HSBC transacts on Chinese blockchain trade finance platform – Ledger Insights

Around Christmas of 2018, the China Banking Association (CBA) unveiled the “China Trade Finance Union Blockchain Platform” (CTFU). There were ten banks at the time, with the only foreign-owned bank as HSBC (China). The solution officially went into production in August of this year.

Yesterday, HSBC said it had made its first live interbank forfaiting transaction on the CTFU platform. With forfaiting, a negotiable instrument is sold to a bank, the forfaiter, which buys it without recourse. In this case, the Bank of Communications issued a deferred payment Letter of Credit, and HSBC bought the Letter of Credit using the CTFU system. It would usually take a few days, but now it takes two to three hours.

Forfaiting is just the first solution planned for the platform. The CBA was keen to use it to drive standards and digitization, and the first standard was published at the end of 2019. Other purposes include efficiency gains, the tamper-resistant and transparent benefits offered by blockchain, and finally, to enable banks to share resources with this common infrastructure.

HSBC is one of the most active in trade finance, especially letters of credit, and has extensive interests in blockchain trade finance. It’s a founding member of Contour for letters of credit and we.trade for open account trade finance. It’s also a participant in Hong Kong’s eTradeConnect where it recently conducted a pilot with Smart Chain Enterprises, which provides an Enterprise Resource Planning (ERP) system.

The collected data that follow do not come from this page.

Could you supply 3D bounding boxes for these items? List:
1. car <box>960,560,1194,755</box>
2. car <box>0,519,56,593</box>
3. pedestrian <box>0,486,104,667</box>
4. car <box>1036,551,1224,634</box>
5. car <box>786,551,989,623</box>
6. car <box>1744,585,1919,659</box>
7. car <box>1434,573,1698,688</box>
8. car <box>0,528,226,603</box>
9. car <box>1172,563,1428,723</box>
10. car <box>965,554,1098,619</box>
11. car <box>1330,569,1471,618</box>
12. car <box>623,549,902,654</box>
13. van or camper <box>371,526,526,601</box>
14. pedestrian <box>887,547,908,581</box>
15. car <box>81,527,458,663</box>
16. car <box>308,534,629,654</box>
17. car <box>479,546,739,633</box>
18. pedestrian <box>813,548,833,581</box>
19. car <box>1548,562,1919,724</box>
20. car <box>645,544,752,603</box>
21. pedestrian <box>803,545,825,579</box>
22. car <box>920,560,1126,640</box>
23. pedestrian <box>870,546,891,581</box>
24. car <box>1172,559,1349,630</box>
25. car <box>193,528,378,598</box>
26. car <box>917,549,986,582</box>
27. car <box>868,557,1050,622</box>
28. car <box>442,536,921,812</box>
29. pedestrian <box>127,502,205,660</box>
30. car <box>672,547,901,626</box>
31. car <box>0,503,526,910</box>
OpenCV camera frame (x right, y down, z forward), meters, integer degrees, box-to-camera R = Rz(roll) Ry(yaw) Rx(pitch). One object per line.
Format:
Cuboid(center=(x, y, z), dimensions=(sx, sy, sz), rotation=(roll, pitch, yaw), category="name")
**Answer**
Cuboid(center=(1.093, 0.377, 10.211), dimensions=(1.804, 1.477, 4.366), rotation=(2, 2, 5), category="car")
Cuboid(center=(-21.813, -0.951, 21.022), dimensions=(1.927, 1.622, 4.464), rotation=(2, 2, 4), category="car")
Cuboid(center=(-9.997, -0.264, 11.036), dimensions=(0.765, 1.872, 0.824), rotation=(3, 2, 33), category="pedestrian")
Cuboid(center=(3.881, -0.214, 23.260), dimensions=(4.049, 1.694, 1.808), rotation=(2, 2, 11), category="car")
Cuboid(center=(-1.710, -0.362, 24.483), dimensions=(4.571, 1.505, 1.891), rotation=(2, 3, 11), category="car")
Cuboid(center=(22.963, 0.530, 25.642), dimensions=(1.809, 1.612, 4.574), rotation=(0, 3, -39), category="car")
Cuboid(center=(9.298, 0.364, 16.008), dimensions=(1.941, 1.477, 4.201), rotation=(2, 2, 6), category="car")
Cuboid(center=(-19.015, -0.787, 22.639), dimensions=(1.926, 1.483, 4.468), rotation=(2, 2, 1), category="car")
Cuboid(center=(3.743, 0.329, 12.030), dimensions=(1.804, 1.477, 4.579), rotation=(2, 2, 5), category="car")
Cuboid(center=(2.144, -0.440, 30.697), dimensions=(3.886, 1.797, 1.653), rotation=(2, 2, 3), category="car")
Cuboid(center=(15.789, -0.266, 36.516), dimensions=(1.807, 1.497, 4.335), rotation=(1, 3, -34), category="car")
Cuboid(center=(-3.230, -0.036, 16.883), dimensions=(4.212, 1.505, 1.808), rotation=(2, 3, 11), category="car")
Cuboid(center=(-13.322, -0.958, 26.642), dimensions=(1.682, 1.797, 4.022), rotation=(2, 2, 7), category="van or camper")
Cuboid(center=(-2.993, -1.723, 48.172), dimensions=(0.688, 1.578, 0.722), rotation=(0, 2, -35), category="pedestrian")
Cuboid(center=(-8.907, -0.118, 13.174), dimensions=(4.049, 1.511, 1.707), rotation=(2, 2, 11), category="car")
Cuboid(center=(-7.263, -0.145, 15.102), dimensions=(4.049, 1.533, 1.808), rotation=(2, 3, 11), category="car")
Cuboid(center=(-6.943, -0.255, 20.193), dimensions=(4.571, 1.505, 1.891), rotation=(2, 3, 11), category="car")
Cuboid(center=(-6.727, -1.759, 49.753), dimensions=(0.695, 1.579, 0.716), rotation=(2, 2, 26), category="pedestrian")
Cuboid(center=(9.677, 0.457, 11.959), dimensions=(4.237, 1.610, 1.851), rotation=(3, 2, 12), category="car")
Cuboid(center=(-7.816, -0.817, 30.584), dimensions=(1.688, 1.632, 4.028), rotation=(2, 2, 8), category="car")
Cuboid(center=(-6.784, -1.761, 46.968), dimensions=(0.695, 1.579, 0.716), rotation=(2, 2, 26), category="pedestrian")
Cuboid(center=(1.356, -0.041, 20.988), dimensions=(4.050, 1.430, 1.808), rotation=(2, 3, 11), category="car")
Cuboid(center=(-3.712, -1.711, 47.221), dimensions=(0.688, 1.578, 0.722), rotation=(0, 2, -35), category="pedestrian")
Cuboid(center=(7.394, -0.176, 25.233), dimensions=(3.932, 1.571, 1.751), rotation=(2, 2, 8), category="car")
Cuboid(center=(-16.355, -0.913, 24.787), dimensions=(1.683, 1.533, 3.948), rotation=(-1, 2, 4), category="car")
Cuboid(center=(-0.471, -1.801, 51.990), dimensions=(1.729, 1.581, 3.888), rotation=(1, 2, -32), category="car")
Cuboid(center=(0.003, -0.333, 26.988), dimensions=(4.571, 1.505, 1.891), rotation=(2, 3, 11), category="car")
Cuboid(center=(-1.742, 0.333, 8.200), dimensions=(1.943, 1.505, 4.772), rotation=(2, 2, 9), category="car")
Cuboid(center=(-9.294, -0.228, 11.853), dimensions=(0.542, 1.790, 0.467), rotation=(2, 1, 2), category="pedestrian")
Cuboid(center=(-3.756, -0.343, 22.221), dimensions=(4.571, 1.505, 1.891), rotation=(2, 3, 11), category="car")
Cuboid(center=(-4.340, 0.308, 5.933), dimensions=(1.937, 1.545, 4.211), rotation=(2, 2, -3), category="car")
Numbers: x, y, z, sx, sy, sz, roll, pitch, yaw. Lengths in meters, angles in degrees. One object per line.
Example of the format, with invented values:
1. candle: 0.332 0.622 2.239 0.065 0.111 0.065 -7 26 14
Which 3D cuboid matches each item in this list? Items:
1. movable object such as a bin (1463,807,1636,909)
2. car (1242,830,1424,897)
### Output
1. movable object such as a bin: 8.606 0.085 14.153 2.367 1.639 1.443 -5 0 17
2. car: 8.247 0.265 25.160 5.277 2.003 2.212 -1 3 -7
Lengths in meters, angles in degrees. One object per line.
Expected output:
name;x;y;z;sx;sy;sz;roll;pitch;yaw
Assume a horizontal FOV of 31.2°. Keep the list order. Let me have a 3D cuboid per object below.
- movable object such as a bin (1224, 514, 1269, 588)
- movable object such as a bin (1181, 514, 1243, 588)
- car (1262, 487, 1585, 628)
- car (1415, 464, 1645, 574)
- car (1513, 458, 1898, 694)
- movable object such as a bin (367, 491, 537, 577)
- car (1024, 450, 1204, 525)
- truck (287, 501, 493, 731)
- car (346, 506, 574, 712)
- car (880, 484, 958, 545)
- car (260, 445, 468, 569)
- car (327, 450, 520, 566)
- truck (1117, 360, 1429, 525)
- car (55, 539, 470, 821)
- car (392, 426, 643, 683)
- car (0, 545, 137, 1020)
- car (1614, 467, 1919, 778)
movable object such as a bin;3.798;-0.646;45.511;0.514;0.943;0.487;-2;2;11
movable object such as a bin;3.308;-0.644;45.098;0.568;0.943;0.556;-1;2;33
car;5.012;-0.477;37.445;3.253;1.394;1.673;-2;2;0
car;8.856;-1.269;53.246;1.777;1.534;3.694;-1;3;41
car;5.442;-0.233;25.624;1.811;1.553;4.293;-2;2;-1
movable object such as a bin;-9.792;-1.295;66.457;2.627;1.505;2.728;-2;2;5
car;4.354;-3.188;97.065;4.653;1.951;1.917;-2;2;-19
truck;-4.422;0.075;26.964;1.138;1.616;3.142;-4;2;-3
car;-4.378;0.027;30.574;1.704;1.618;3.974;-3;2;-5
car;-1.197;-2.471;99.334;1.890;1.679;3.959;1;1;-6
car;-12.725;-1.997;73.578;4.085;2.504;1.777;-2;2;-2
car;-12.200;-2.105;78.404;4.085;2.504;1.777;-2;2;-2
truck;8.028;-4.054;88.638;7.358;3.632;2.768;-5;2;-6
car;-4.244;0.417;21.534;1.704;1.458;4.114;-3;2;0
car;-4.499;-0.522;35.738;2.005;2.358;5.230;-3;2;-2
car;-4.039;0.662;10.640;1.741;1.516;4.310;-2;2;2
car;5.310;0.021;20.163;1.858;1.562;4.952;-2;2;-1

Meanwhile, China’s trade finance activities are forging ahead. Three months ago, just two platforms accounted for more than $100 billion in trade. By the end of 2019, China Construction Bank’s solution had processed more than RMB 400 billion ($60 billion) and China CITIC Bank’s solution reached 300 billion yuan ($45 billion) through to the end of July 2020. China CITIC’s solution sounds a little similar to the CBA’s as it deals with forfaiting as well as trading assets between banks.